Besides making use of the geodatabase, building the reverse geocoding engine involves additional development programming. It requires calculations using algorithms measuring the distance between two points on the earth. Here is an example of one of the formula
References
Arc(AB) = R x Arccos [cos(lat1) cos (lat2) cos (lon) + sin (lat1) sin (lat2)]
Lat : latitude in degrees
Long : longitude in degrees
R : Earth radius = 6378 km average radius at equator
For the current project designed for a real estate agency, the application is making use of data captured by a mobile GPS device. Navi and Map reverse geocoding engine is able to return information on the location plotted on the map with details on the nearest street or road name, and details on the geographic area demarcation where the point falls in, such as which city and suburb. Additionally, it can also provide supplementary information like distance to major landmarks, or any particular point of interest. From the geodatabase available in Navi and Map, the points of interests were classified by range of priority and selected upon the user interests.
For this project, the mapping application developed by Navi and Map needed to be coupled with a SMS gateway to get request and send back response to the user, after processing the data transferred as text information. The system required a customized Application Programming Interface to be provided for integration with the telecommunication devices.
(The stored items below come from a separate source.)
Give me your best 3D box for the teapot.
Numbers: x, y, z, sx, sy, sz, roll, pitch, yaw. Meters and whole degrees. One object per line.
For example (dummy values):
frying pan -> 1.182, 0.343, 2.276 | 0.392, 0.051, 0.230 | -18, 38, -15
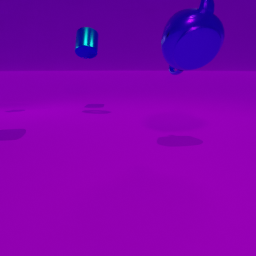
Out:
teapot -> 1.100, -1.650, 4.913 | 1.101, 1.770, 0.867 | 2, 47, -19

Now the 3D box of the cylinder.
cylinder -> -1.498, -3.086, 10.197 | 0.821, 0.821, 0.821 | 0, -20, 0
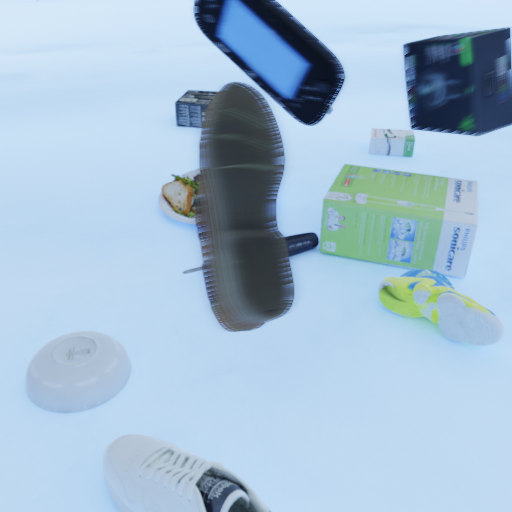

Cf Figure 4: The reverse geocoding simulation display
Conclusion
Geocoding is the immediate and necessary gateway step to locate and mapped accurately address data. The process of getting the latitude and longitude of a record relies mainly on the database made available for searching and matching. It is essential to focus on the database content and structure in order to be able to run a geocoder. In Malaysia, ready made address data bank in a GIS environment are not available, and this lack of adequate references implies building a system able to cope with missing records and discrepancies. However the performance of the geocoding engine and interpolation methods, the data capture still remains the foundation for providing geocoding services. Continuous efforts have to be made and centralized to build up standardized geographical referenced data in this regard. Once the system can be put in place, it provides ability to perform a large number of location based services. The number of applications for a spatially enabled government is exhaustive. Geocoding can be used for emergency response systems, enforcement command and control systems, etc… Business applications that can make use of such system can also be very rewarding.
For instance, reverse geocoding standard services and commercial applications can include vehicules tracking, insurance providers services, friend finder, find nearest point of interest and push marketing.